Assignment.
Output exactly the lines from the line with "Answer: Greater What" through the end of the records below. Include nothing else.

━━━━━━━━━━━━━━━━

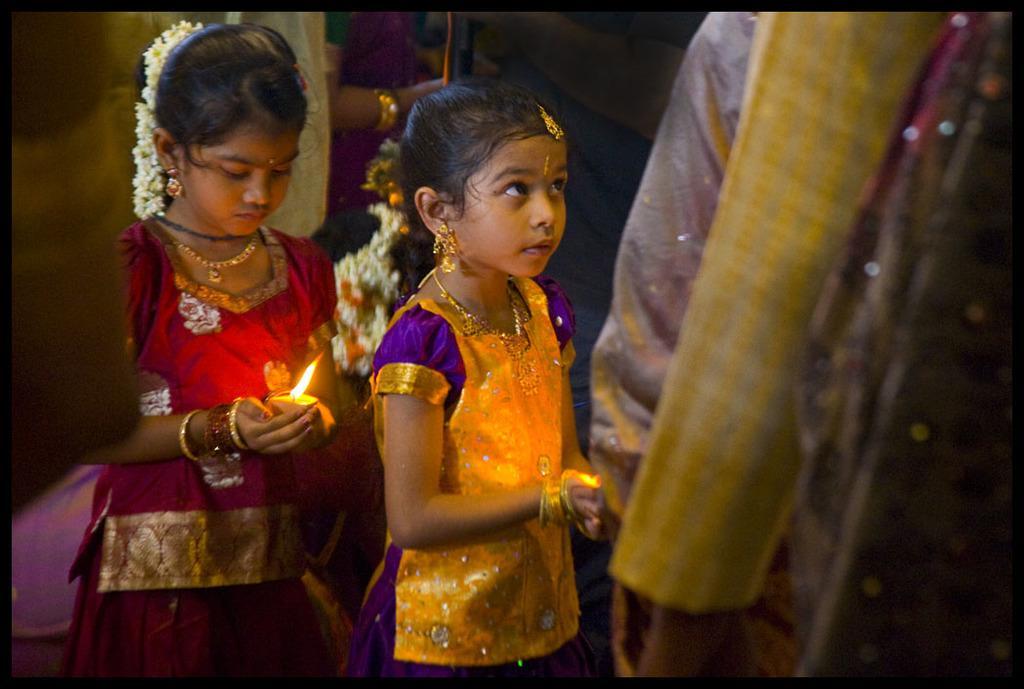In one or two sentences, can you explain what this image depicts? In this image I can see there are two girls they both are wearing colorful dresses and holding candles on their hand and I can see a person hand visible on the right side and at the top I can see a person. 
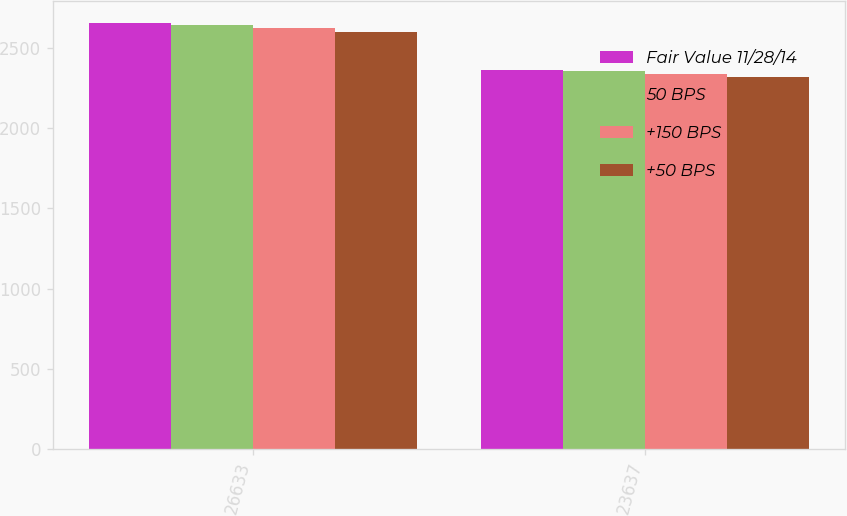Convert chart to OTSL. <chart><loc_0><loc_0><loc_500><loc_500><stacked_bar_chart><ecel><fcel>26633<fcel>23637<nl><fcel>Fair Value 11/28/14<fcel>2656.3<fcel>2360.9<nl><fcel>50 BPS<fcel>2641.9<fcel>2353.8<nl><fcel>+150 BPS<fcel>2621.6<fcel>2338.5<nl><fcel>+50 BPS<fcel>2599.8<fcel>2320.5<nl></chart> 
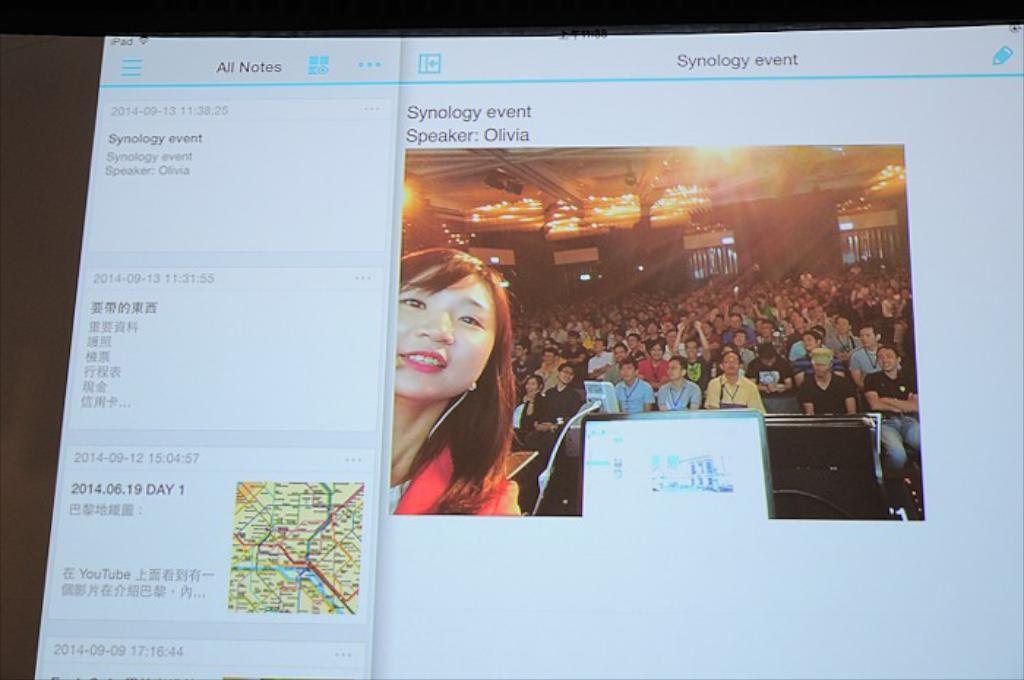What is the main object in the image? There is a screen in the image. What can be seen on the screen? A group of people is visible on the screen, along with a route map and some text. What color are the shoes worn by the people on the screen? There is no information about shoes or their color in the image. 
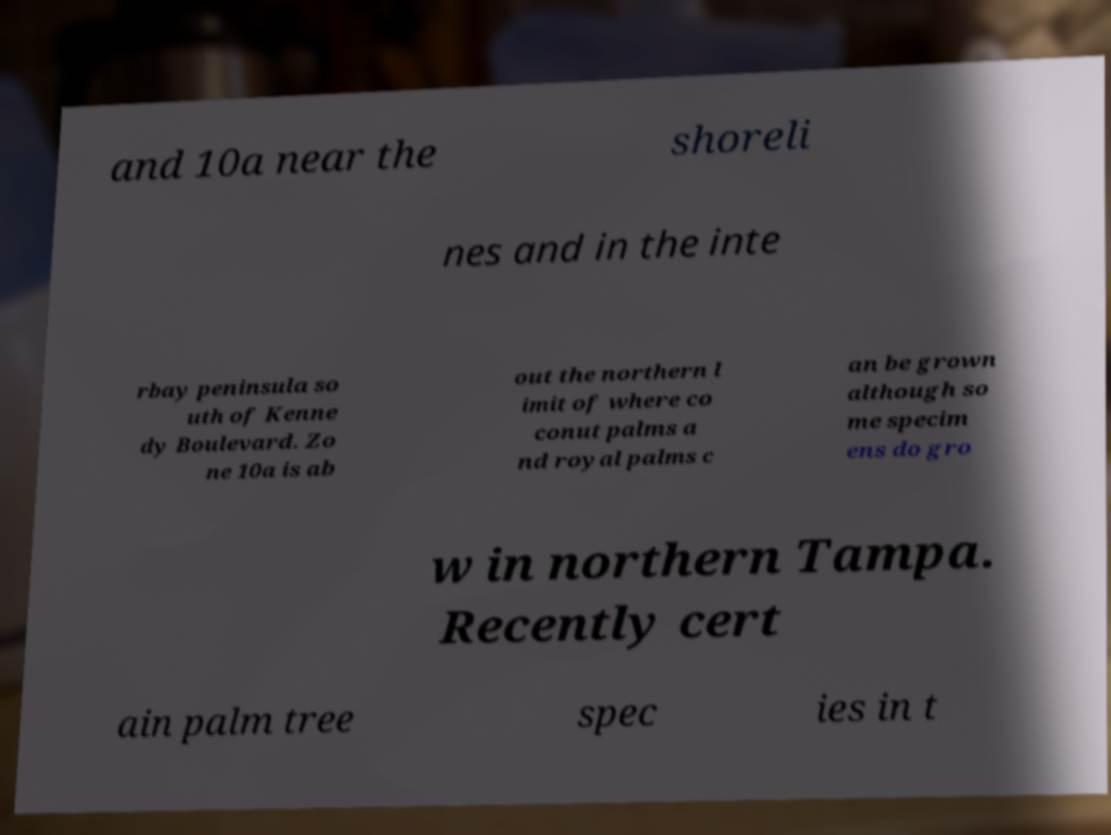Please read and relay the text visible in this image. What does it say? and 10a near the shoreli nes and in the inte rbay peninsula so uth of Kenne dy Boulevard. Zo ne 10a is ab out the northern l imit of where co conut palms a nd royal palms c an be grown although so me specim ens do gro w in northern Tampa. Recently cert ain palm tree spec ies in t 
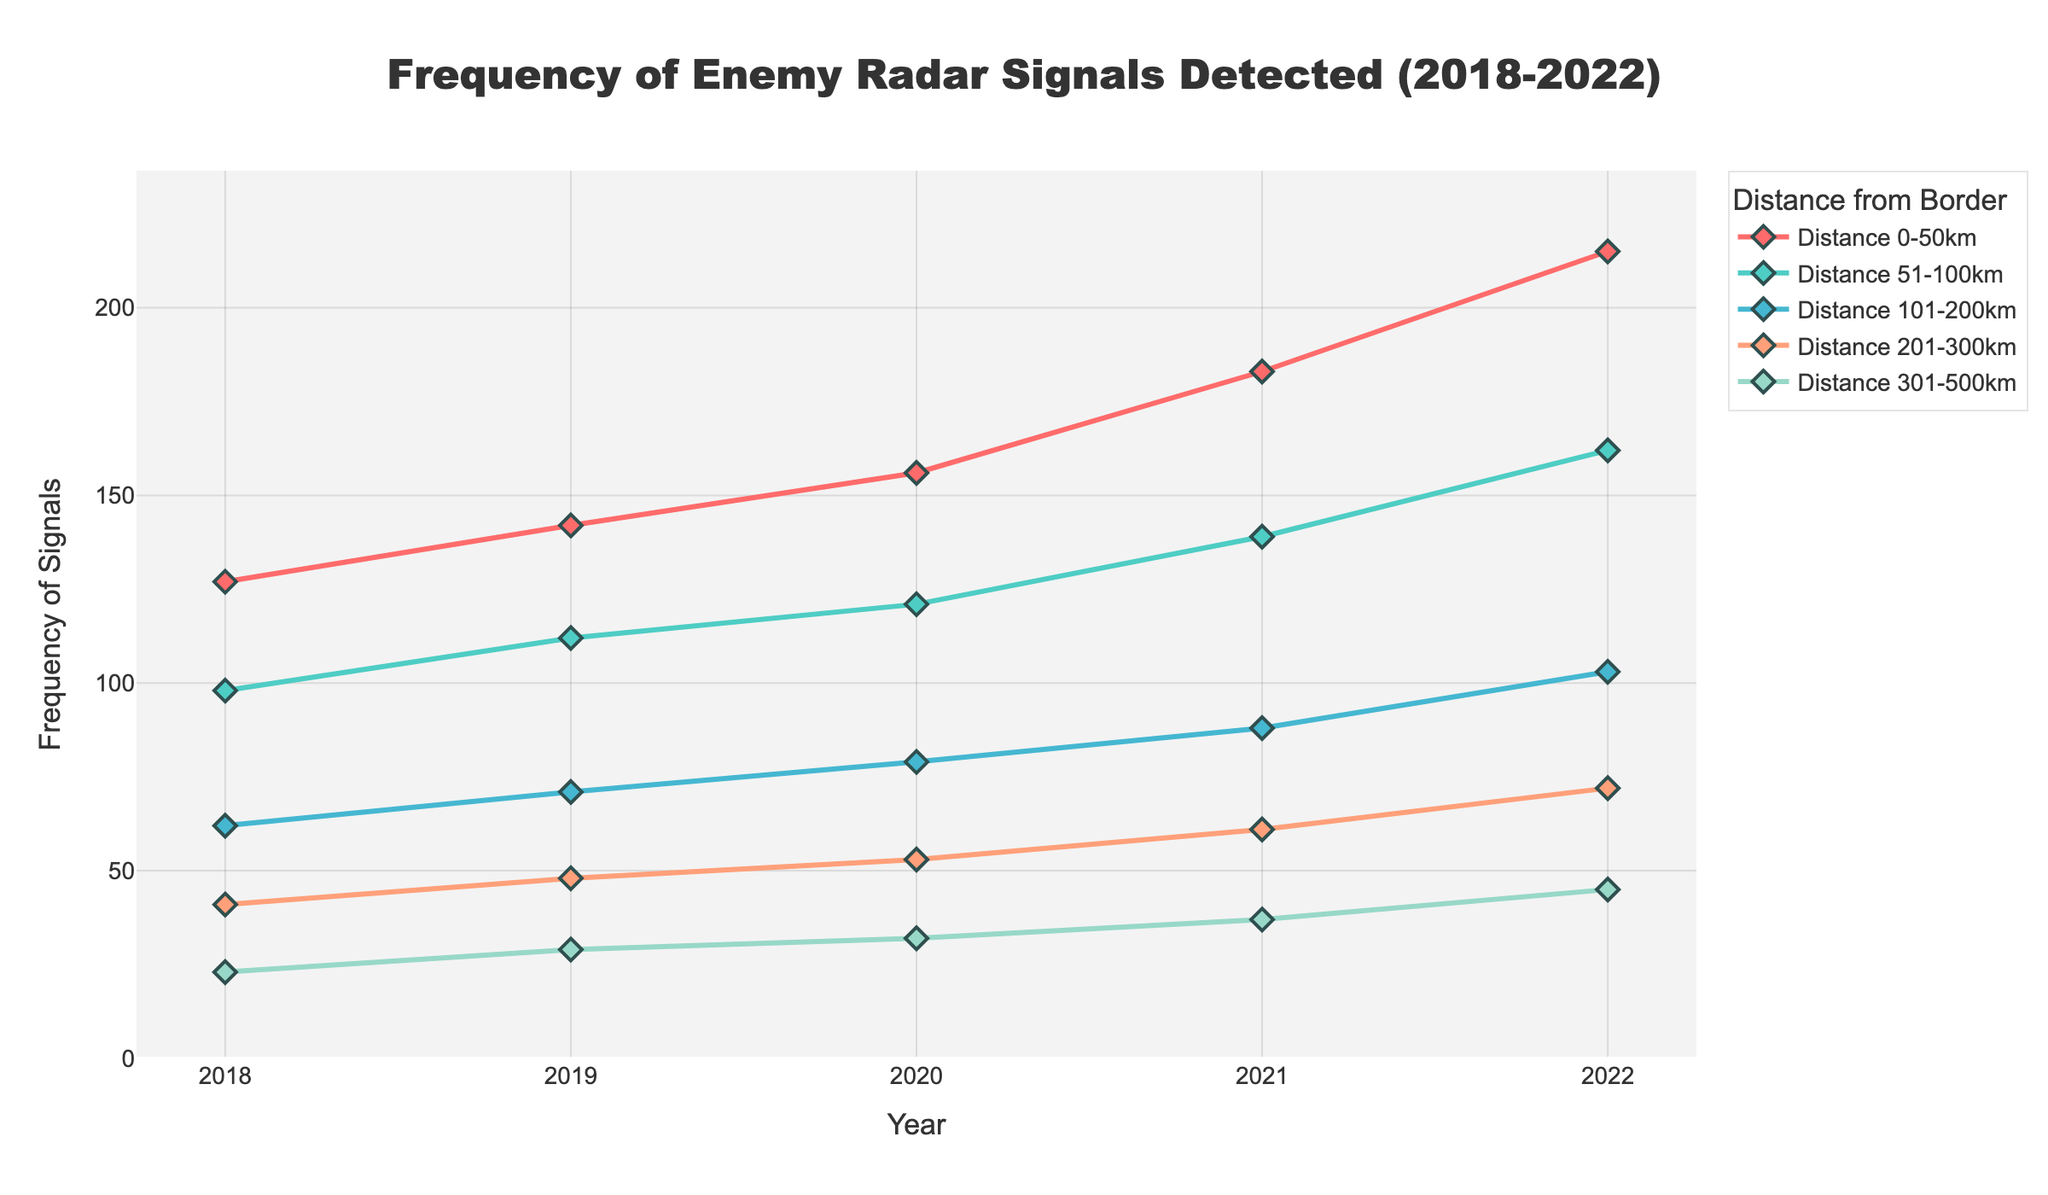What is the trend of radar signal detections at 201-300km over the 5-year period? By observing the line for "Distance 201-300km", we see a steady upward trend from 41 in 2018 to 72 in 2022.
Answer: Steady increase Which year had the highest frequency of enemy radar signals detected at 0-50km? By looking at the line for "Distance 0-50km", the highest point is at 215 in 2022.
Answer: 2022 How many more radar signals were detected at 101-200km in 2022 compared to 2018? The value for "Distance 101-200km" in 2018 is 62, and in 2022 it is 103. The difference is 103 - 62.
Answer: 41 What is the average number of radar signals detected at 51-100km over the 5 years? The values for 51-100km are 98, 112, 121, 139, 162. The sum is 632, and the average is 632/5.
Answer: 126.4 Which distance range shows the smallest increase in radar signal detection from 2018 to 2022? Calculating the increment for each distance range: 0-50km (215-127=88), 51-100km (162-98=64), 101-200km (103-62=41), 201-300km (72-41=31), 301-500km (45-23=22). The smallest increase is at 301-500km.
Answer: 301-500km In what year did the frequency of radar signals detected at 51-100km first exceed 150? By examining the line for "Distance 51-100km", it first exceeds 150 in 2022.
Answer: 2022 Which year had the greatest overall increase in radar signals across all distances from the previous year? Compare year-over-year increases: 2018-2019 (15+14+9+7+6=51), 2019-2020 (14+9+8+5+3=39), 2020-2021 (27+18+9+8+5=67), 2021-2022 (32+23+15+11+8=89). The greatest increase occurred in 2022.
Answer: 2022 How does the frequency of radar signals detected at 101-200km in 2020 compare to that at 301-500km in 2020? The value for "Distance 101-200km" in 2020 is 79, and for "Distance 301-500km" it is 32. 79 is greater than 32.
Answer: Greater What color represents the data for the 0-50km distance range? By looking at the line colors, the "Distance 0-50km" is represented by the red line.
Answer: Red What is the combined total of radar signals detected at 0-50km and 51-100km in 2021? The values are 183 for "Distance 0-50km" and 139 for "Distance 51-100km". Their sum is 183 + 139.
Answer: 322

━━━━━━━━━━━━━━━━

Your response.
Answer: Greater What color represents the data for the 0-50km distance range? By looking at the line colors, the "Distance 0-50km" is represented by the red line.
Answer: Red What is the combined total of radar signals detected at 0-50km and 51-100km in 2021? The values are 183 for "Distance 0-50km" and 139 for "Distance 51-100km". Their sum is 183 + 139.
Answer: 322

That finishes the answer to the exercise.